Publié à l’origine en espagnol. Daniel Capó. The Objective.
Les défaites politiques sont souvent le résultat d’erreurs d’intelligence. C’est la thèse que soutient l’historien Marc Bloch dans l’un de ses livres les plus lucides. – L’étrange défaite – et il devient inévitable dans ces moments de grande inquiétude civile de nous retourner vers lui. L’étrange défaite est celle d’un monde relativement prospère et raisonnable, qui depuis 1978 a apporté à notre pays des libertés et des droits, des coutumes et des valeurs européennes, une stabilité démocratique, et un développent des autonomies (l’équivalent des régions en Espagne). Ce n’est bien évidemment pas un monde parfait, mais bien meilleur que n’importe quel autre régime politique qu’ait connu l’Espagne ces deux cent dernières années. Ce monde –qui est le notre – se trouve gravement menacé.
Nous vivons l’étrange défaite d’un pays qui ne sait pas – et j’ignore s’il le souhaite – affronter la réalité. L’improvisation et ce refus de la réalité sont de mauvais conseillers pour l’Espagne lorsque l’on a simplement renoncé à l’intelligence politique au nom d’une gestion plate et bureaucratique des conflits sociaux.

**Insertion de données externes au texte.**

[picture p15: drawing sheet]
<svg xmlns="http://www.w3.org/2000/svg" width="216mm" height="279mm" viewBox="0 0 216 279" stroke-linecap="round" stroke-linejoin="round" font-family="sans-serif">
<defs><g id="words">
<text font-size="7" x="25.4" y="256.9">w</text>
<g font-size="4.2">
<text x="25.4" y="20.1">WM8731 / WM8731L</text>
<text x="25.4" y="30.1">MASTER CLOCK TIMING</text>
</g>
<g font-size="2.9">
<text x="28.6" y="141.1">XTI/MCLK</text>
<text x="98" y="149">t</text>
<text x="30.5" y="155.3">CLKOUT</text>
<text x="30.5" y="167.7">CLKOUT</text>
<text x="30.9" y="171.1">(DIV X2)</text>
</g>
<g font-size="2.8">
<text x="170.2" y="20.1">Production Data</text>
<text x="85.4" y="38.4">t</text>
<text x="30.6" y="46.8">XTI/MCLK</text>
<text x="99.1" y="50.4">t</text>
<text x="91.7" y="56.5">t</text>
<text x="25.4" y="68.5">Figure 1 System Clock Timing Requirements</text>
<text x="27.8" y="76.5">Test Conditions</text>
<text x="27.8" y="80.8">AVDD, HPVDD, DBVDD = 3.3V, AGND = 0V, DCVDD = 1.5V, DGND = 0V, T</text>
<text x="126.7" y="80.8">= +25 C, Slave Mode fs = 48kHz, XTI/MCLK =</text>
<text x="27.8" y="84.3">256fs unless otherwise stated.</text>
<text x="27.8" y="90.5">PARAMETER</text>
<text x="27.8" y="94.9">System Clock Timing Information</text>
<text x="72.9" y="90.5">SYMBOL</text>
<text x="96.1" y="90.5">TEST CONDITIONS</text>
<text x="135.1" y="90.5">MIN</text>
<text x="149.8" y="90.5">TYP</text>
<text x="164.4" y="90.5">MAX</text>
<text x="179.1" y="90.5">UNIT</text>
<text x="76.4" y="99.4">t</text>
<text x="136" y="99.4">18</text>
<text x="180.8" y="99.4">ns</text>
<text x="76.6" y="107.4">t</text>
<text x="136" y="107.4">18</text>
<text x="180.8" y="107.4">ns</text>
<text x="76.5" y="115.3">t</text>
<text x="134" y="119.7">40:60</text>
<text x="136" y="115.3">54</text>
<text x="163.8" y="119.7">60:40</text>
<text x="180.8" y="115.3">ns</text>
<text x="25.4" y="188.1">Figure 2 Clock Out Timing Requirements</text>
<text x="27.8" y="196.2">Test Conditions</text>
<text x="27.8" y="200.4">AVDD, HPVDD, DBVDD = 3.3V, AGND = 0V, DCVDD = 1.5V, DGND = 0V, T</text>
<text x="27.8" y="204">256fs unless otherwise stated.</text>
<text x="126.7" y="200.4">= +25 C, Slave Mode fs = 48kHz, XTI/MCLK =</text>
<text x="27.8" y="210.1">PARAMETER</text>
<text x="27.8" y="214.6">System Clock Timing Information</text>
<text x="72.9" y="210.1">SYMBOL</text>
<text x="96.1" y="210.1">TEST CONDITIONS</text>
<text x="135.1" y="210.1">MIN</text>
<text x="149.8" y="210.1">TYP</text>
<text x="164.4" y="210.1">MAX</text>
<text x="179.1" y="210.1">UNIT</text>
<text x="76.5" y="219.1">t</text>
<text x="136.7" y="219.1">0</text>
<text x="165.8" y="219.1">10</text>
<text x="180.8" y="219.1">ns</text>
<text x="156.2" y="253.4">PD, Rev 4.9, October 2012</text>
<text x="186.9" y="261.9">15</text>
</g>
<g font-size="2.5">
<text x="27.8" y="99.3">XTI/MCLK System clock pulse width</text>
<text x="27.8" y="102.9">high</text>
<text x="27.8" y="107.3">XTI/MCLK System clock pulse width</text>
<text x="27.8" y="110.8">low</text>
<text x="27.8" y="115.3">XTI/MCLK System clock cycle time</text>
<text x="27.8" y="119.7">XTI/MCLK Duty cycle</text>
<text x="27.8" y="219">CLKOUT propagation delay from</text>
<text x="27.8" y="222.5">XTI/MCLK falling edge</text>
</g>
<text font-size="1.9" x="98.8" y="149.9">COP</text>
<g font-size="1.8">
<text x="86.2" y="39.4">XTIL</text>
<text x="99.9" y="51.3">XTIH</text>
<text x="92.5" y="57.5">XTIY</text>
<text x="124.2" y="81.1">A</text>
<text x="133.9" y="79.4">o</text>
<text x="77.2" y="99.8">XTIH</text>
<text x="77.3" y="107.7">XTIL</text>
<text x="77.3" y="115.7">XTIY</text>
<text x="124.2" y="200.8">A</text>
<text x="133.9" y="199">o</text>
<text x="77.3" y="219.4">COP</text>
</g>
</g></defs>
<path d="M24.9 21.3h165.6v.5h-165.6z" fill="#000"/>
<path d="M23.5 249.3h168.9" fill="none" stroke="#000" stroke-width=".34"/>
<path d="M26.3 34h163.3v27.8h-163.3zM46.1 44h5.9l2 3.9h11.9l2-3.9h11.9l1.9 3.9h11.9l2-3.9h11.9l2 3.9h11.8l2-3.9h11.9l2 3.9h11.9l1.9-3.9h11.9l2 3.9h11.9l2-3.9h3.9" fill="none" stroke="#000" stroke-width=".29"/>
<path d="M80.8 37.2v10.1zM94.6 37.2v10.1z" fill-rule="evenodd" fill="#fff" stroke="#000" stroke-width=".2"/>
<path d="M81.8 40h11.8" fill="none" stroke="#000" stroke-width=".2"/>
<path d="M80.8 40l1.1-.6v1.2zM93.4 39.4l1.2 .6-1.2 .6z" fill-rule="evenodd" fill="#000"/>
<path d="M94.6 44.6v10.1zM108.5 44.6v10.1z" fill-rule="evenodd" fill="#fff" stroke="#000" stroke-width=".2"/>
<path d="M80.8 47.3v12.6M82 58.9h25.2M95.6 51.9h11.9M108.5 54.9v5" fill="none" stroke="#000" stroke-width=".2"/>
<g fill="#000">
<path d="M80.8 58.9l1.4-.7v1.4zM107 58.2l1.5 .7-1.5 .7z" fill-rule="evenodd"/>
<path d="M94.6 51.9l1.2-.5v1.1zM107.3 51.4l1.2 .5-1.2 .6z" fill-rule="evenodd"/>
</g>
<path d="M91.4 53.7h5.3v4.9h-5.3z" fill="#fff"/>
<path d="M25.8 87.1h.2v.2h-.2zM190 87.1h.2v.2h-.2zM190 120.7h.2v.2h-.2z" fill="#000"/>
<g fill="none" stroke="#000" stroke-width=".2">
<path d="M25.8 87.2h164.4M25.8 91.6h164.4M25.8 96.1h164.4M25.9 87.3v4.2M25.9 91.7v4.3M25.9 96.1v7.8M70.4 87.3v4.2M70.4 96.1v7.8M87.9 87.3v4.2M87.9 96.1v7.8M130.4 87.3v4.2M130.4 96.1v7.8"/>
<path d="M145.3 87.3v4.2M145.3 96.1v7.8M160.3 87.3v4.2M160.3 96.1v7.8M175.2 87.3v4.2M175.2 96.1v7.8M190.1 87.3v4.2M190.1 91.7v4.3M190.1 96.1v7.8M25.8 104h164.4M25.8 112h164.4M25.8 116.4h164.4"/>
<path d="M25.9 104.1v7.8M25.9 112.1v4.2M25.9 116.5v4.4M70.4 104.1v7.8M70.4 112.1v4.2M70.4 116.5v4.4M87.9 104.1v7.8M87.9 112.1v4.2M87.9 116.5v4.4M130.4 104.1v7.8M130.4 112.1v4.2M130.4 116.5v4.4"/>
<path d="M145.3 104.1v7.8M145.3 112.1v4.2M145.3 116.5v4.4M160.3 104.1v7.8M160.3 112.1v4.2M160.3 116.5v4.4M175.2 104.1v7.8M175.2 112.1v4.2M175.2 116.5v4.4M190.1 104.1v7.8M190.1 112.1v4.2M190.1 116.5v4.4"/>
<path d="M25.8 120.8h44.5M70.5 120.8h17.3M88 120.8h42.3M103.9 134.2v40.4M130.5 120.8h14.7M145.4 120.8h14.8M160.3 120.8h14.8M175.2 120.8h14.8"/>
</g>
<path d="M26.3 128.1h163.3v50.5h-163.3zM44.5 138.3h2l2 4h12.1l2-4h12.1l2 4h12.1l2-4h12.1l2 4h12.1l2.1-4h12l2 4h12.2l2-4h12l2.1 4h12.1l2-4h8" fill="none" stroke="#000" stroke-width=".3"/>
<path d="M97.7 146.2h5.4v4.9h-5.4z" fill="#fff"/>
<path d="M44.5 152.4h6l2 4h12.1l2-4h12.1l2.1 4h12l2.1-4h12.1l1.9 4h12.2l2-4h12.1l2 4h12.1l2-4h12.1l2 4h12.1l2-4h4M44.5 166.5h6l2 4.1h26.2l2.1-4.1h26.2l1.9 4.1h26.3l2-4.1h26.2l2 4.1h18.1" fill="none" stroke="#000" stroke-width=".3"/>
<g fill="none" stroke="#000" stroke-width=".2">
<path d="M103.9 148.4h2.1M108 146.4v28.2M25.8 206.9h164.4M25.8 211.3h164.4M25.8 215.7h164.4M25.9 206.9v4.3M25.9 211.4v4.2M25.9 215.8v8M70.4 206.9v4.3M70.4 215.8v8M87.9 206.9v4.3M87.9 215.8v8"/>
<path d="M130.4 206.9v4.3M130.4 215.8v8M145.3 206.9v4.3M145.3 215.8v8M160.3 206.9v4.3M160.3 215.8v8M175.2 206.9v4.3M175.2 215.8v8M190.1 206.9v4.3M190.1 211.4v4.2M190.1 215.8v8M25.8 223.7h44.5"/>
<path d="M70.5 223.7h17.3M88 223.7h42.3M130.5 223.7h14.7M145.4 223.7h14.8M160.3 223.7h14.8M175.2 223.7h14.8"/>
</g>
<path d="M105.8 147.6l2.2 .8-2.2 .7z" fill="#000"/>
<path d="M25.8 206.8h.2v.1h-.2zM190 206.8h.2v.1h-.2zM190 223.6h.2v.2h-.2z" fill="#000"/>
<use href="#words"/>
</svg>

En réalité, l’étrange défaite serait tout sauf étrange, mais plutôt le résultat des dirigeants et des élites qui ne se sont pas comportés comme tels. Nous avons voulu rationaliser l’action d’un gouvernement au lieu d’accepter que ce qui se trouvait en surface était bel et bien réel. Après les scènes dramatiques d’hier rien ne sera jamais comme avant. Et quoi qu’il arrive, un traumatisme sillonne désormais la colonne morale du pays.